Remove chicken from slow cooker and using a slotted spoon, strain any fatty chicken pieces, etc. that you would not mixed into your sauce.
Put remaining ingredients, cream of chicken soup, cream cheese, oregano, parsley,minced garlic, and frozen broccoli in slow cooker. Stir and/or whisk around until it's not clumpy.

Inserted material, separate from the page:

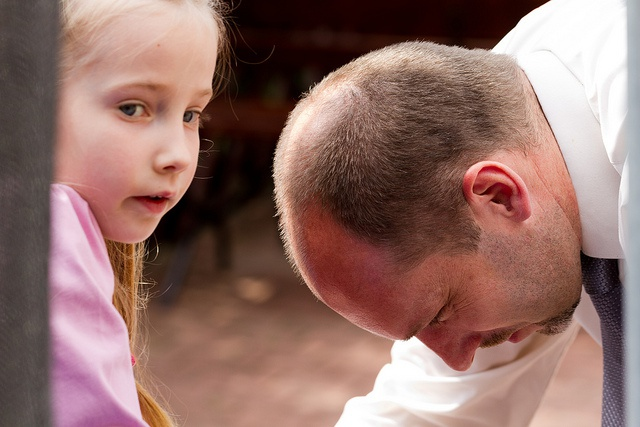Describe the objects in this image and their specific colors. I can see people in gray, white, brown, maroon, and tan tones, people in gray, lightpink, brown, and pink tones, and tie in gray and black tones in this image. 
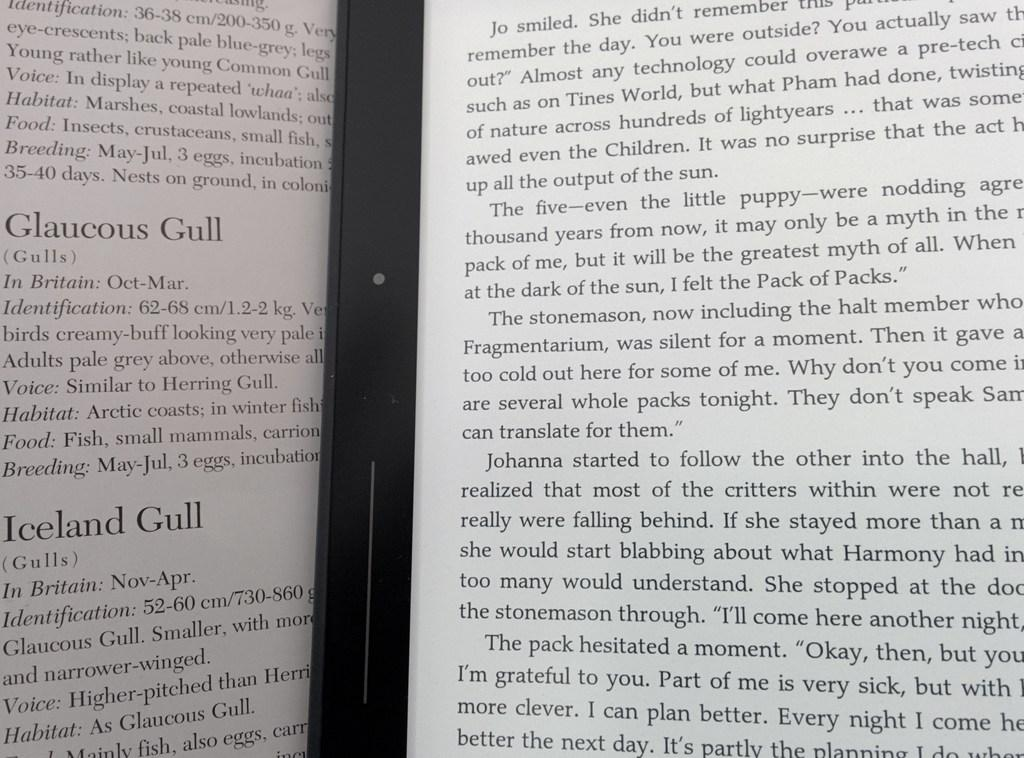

Replace chicken into the slow cooker and cook another 1-2 hours on low.
Boil egg noodles on stove top about 10 minutes before you're ready to serve.
Using scissors or a knife, chop chicken into smaller pieces.
Add egg noodles and stir well, being sure to coat all noodles with the white sauce.
Freezer to Slow Cooker Instructions:
Melt cream cheese in microwave.
Stir together cream cheese, cream of chicken soup, oregano, parsley and minced garlic.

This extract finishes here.